Return each line below exactly as it reads, and omit any image in it.

Input START

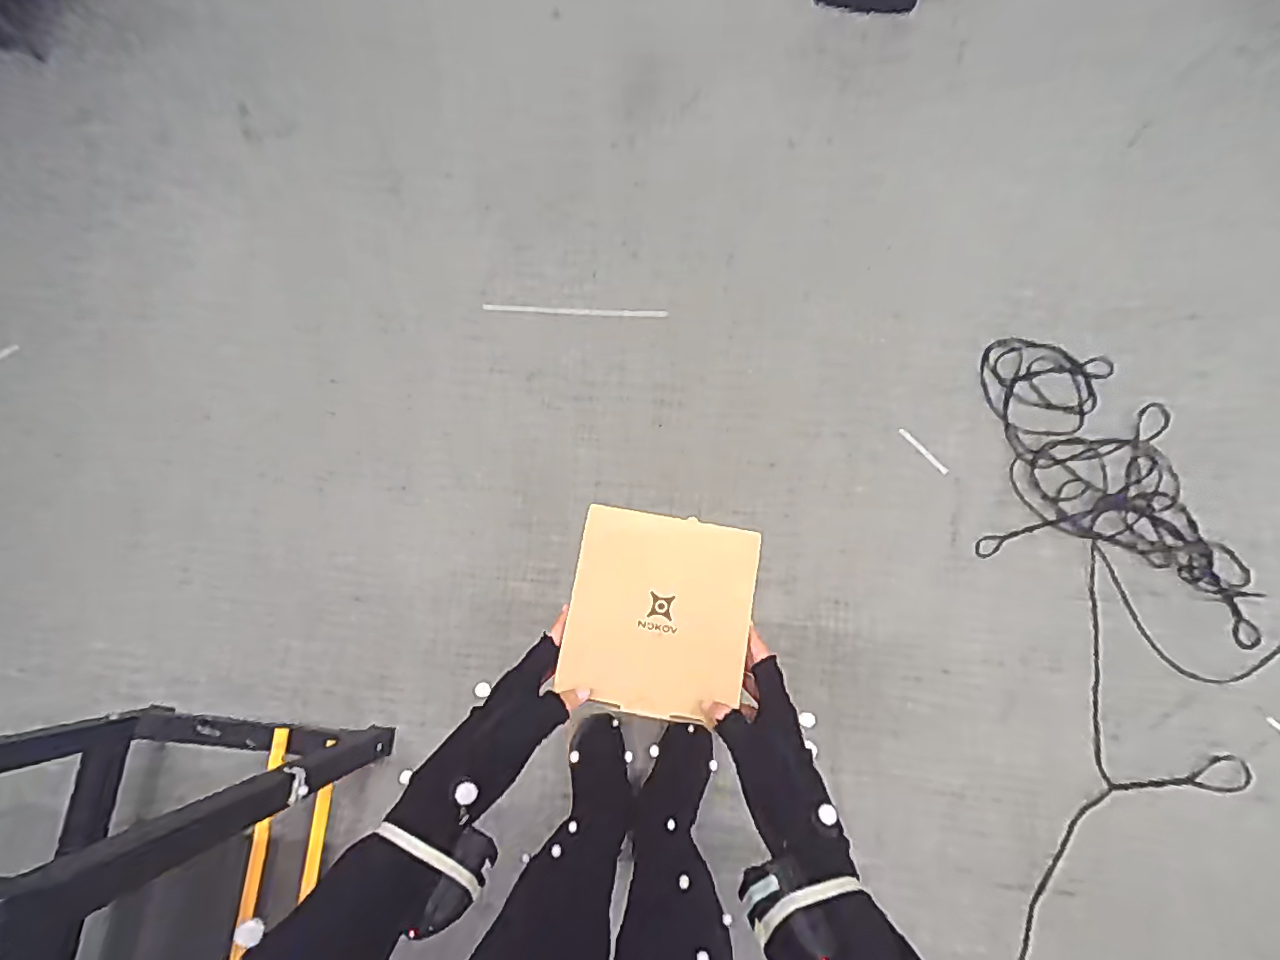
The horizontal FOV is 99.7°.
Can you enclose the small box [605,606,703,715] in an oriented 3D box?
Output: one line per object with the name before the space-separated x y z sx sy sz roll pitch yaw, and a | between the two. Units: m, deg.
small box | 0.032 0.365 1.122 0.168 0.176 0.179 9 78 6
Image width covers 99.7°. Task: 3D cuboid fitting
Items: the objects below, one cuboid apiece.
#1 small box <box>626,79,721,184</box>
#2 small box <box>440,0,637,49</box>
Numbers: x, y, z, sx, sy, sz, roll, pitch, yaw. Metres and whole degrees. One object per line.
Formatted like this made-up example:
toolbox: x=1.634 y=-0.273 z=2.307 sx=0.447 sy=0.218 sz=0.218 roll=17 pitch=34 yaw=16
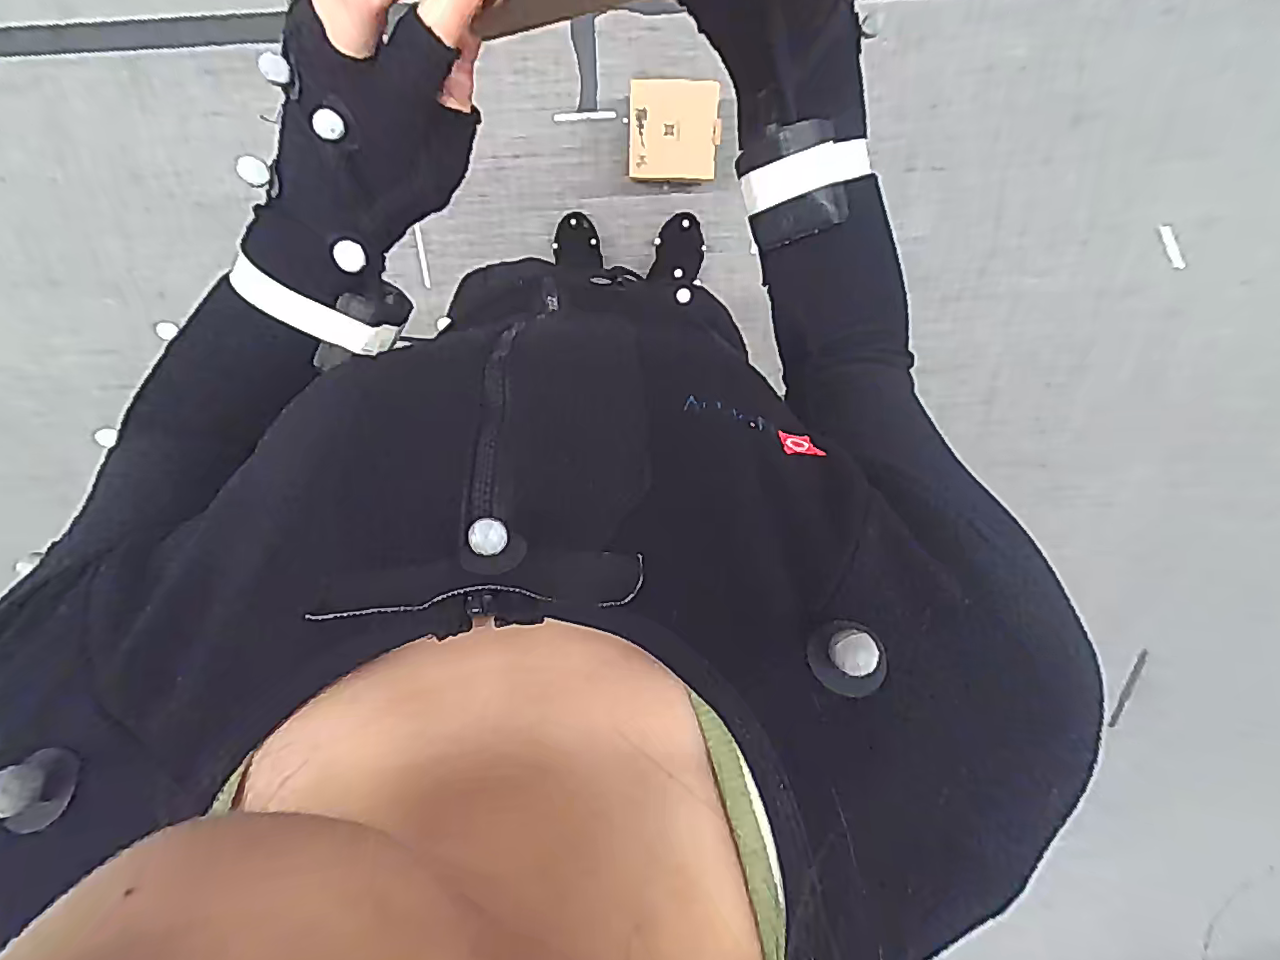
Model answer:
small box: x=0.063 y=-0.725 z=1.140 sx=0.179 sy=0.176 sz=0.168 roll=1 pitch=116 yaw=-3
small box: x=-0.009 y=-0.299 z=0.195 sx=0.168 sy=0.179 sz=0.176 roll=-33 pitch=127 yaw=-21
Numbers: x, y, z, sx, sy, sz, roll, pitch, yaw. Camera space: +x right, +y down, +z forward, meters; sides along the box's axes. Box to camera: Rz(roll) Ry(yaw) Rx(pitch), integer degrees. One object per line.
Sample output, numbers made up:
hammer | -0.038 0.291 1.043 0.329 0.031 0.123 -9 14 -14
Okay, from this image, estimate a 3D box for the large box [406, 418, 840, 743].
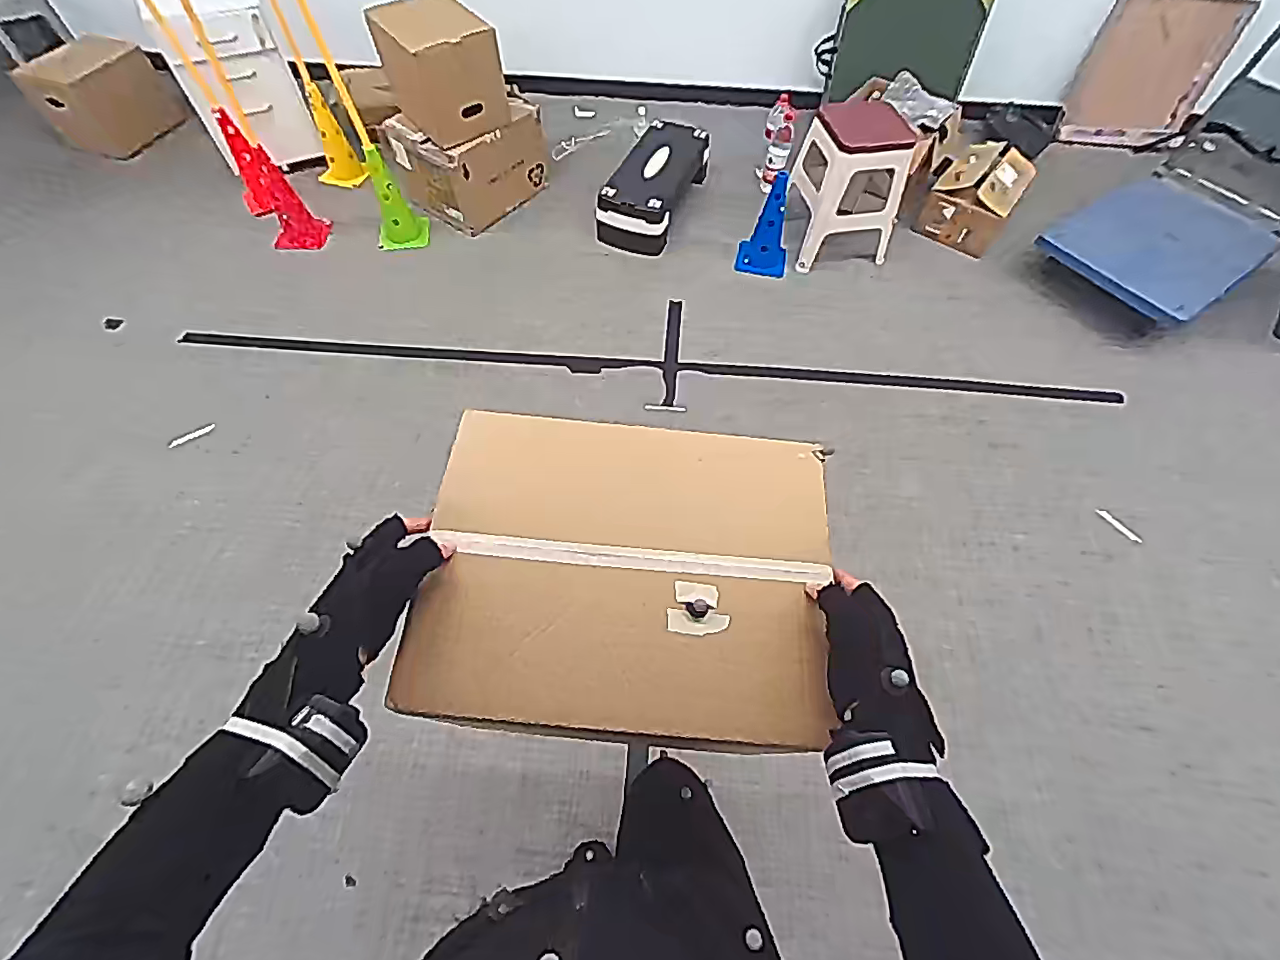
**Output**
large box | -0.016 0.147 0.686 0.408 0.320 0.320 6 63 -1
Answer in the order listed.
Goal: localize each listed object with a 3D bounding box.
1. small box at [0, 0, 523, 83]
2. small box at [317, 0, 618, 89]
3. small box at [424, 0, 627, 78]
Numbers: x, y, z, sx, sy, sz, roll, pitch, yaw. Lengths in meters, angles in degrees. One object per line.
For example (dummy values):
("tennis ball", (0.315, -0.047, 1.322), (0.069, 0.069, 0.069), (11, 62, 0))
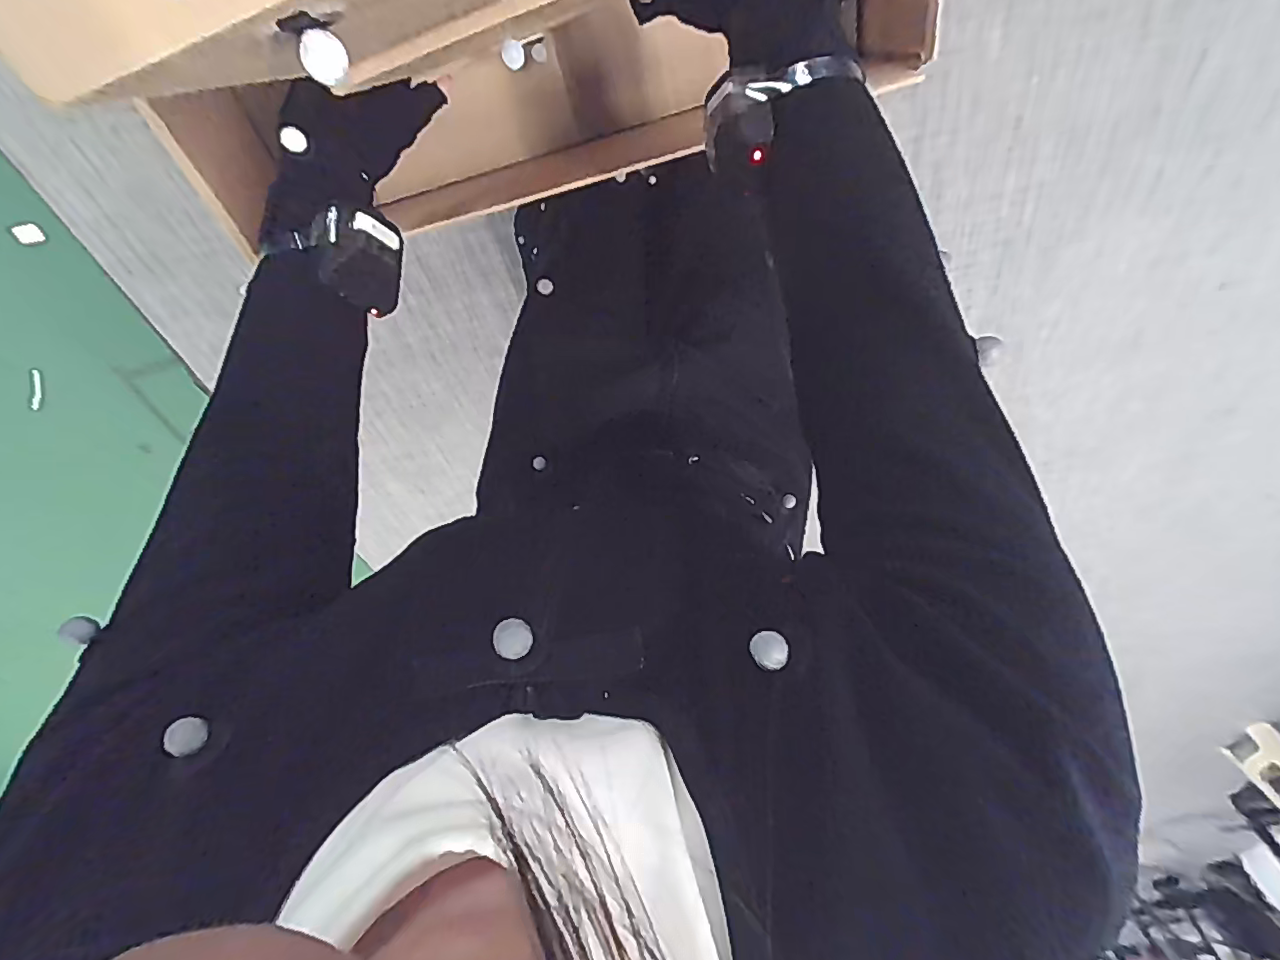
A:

Input END

▶ Solution:
The horizontal FOV is 99.7°.
Can you enclose the small box [605,606,703,715] in an oriented 3D box?
Output: one line per object with the name before the space-separated x y z sx sy sz roll pitch yaw, and a | between the two. Units: m, deg.
small box | 0.032 0.365 1.122 0.168 0.176 0.179 9 78 6
Image width covers 99.7°. Task: 3D cuboid fitting
Items: the objects below, one cuboid apiece.
#1 small box <box>626,79,721,184</box>
#2 small box <box>440,0,637,49</box>
Numbers: x, y, z, sx, sy, sz, roll, pitch, yaw. Metres and whole degrees. One object per line.
Formatted like this made-up example:
toolbox: x=1.634 y=-0.273 z=2.307 sx=0.447 sy=0.218 sz=0.218 roll=17 pitch=34 yaw=16
Model answer:
small box: x=0.063 y=-0.725 z=1.140 sx=0.179 sy=0.176 sz=0.168 roll=1 pitch=116 yaw=-3
small box: x=-0.009 y=-0.299 z=0.195 sx=0.168 sy=0.179 sz=0.176 roll=-33 pitch=127 yaw=-21
Numbers: x, y, z, sx, sy, sz, roll, pitch, yaw. Camera space: +x right, +y down, +z forward, meters; sides along the box's axes. Box to camera: Rz(roll) Ry(yaw) Rx(pitch), integer degrees. One object per line.
Sample output, numbers made up:
hammer | -0.038 0.291 1.043 0.329 0.031 0.123 -9 14 -14
Okay, from this image, estimate a 3D box for the large box [406, 418, 840, 743].
**Output**
large box | -0.016 0.147 0.686 0.408 0.320 0.320 6 63 -1
Answer in the order listed.
Goal: localize each listed object with a 3D bounding box.
1. small box at [0, 0, 523, 83]
2. small box at [317, 0, 618, 89]
3. small box at [424, 0, 627, 78]
Numbers: x, y, z, sx, sy, sz, roll, pitch, yaw. Lengths in meters, angles in degrees. One object per line.
For example (dummy values):
("tennis ball", (0.315, -0.047, 1.322), (0.069, 0.069, 0.069), (11, 62, 0))
A:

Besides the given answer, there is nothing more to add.